Note that they had to torture the spider to get it to bite them in the first place. Don’t do that. Don’t blame the spider. The spider knows that with great venom comes great responsibility, and that boys taste yucky.

Back to the spider grind

I took a tour of my house this morning to see how the spiders were shaping up. I found lots, even more than I did last week. Some were familiar, like Attulus fasciger, who had captured a mosquito-like creature. Good work, young lady!

Of course there were lots of Salticus scenicus around.

The exciting but somewhat disappointing discovery was that Parasteatoda abounded — they’d colonized several inset corners of the house and areas around the downspouts, where they had good cover and great places to hide.

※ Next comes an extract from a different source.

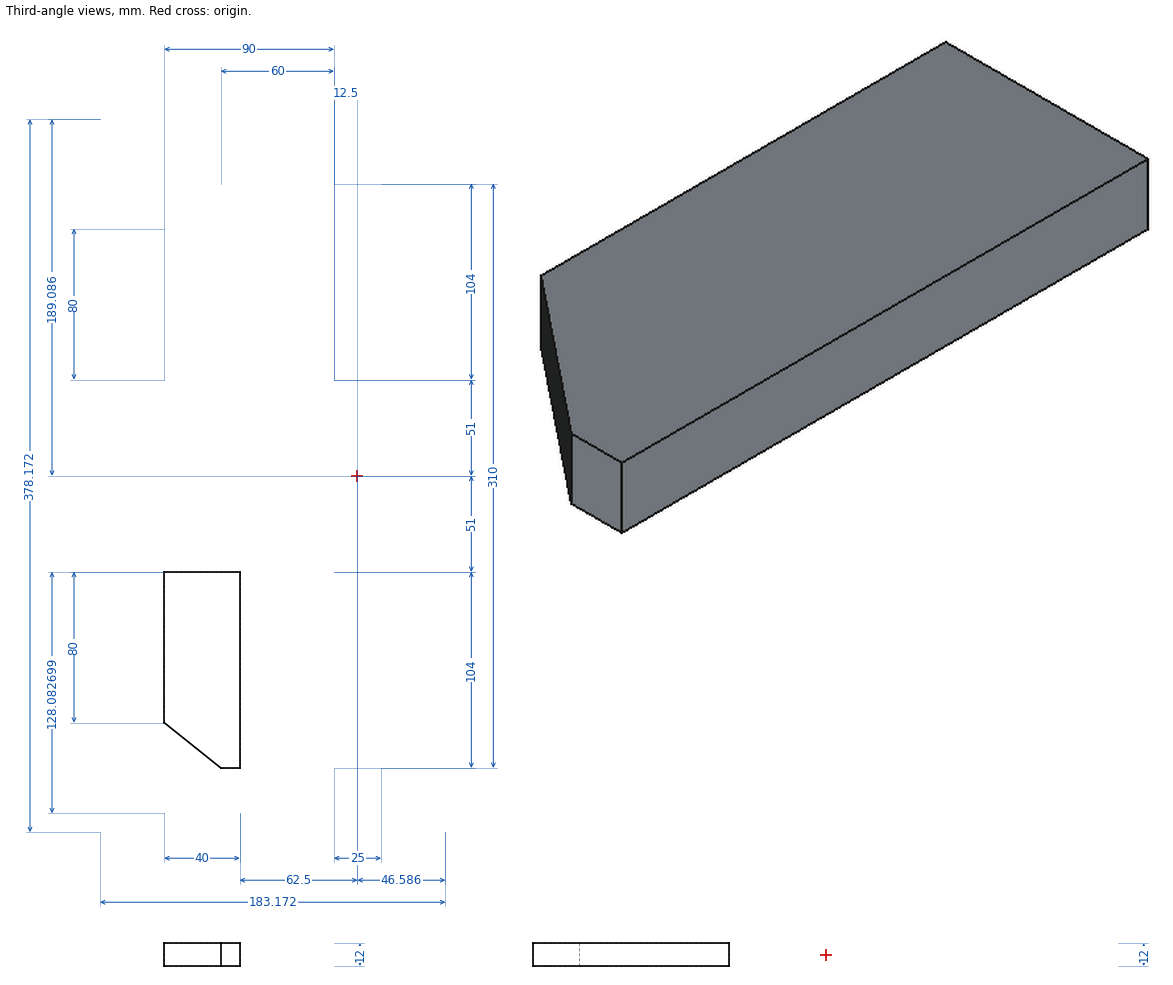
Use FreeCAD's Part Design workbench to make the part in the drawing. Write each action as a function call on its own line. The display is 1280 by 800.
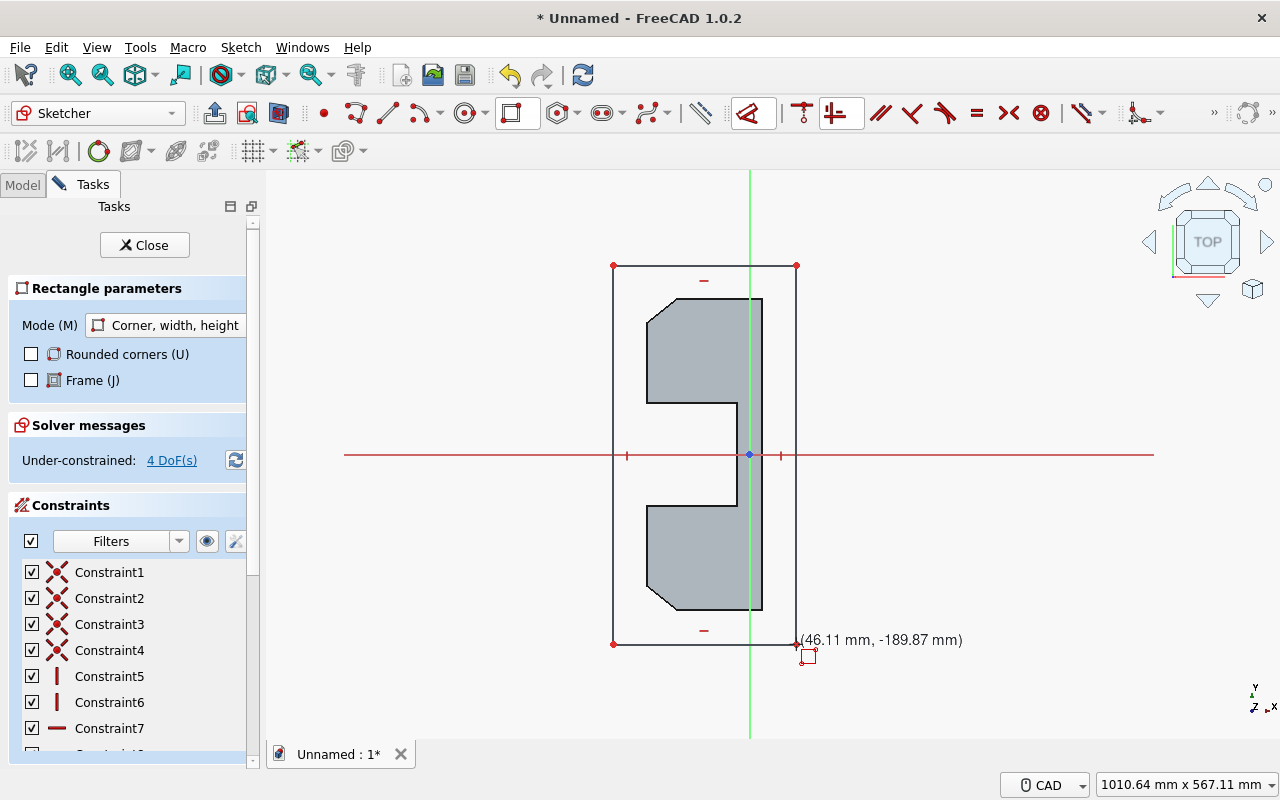
click(647, 506)
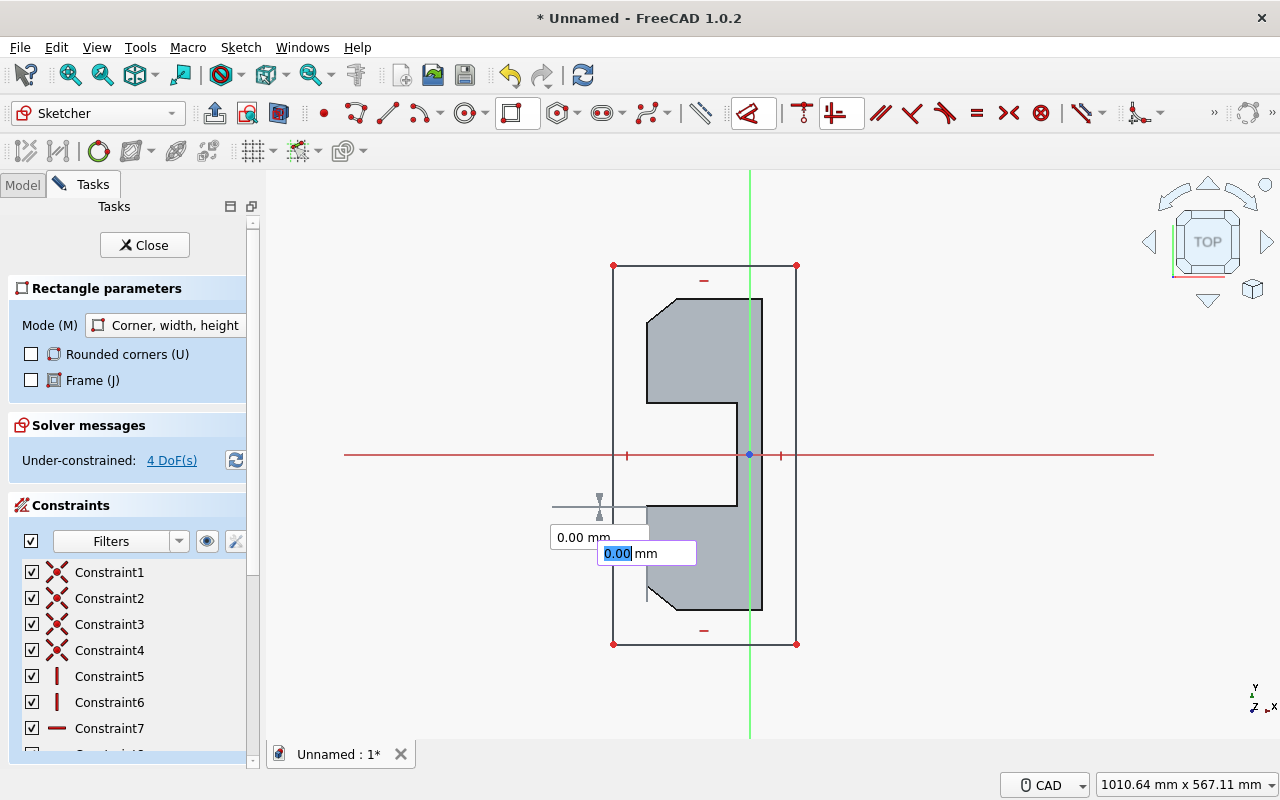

The disappointing part was my own failure: I couldn’t get a good picture of any of them! They were all living in little houses made of plant debris, and if I tapped on them to ask them to come out, they did a typical Parasteatoda thing: they’d immediately bungee straight down to the ground. They’re conveniently predictable when trying to catch them, but I just wanted to say hello and take a picture.
To see what I mean about the difficulty, I saved one photo of one tucked into a bit of dried flower petal, with just her blurry butt sticking out.

I’ve got 4 of these spider nests tagged now, and I’ll be back tomorrow and will try to get some better pictures. Except I think we’ve got thunderstorms predicted for Sunday…so maybe a little later.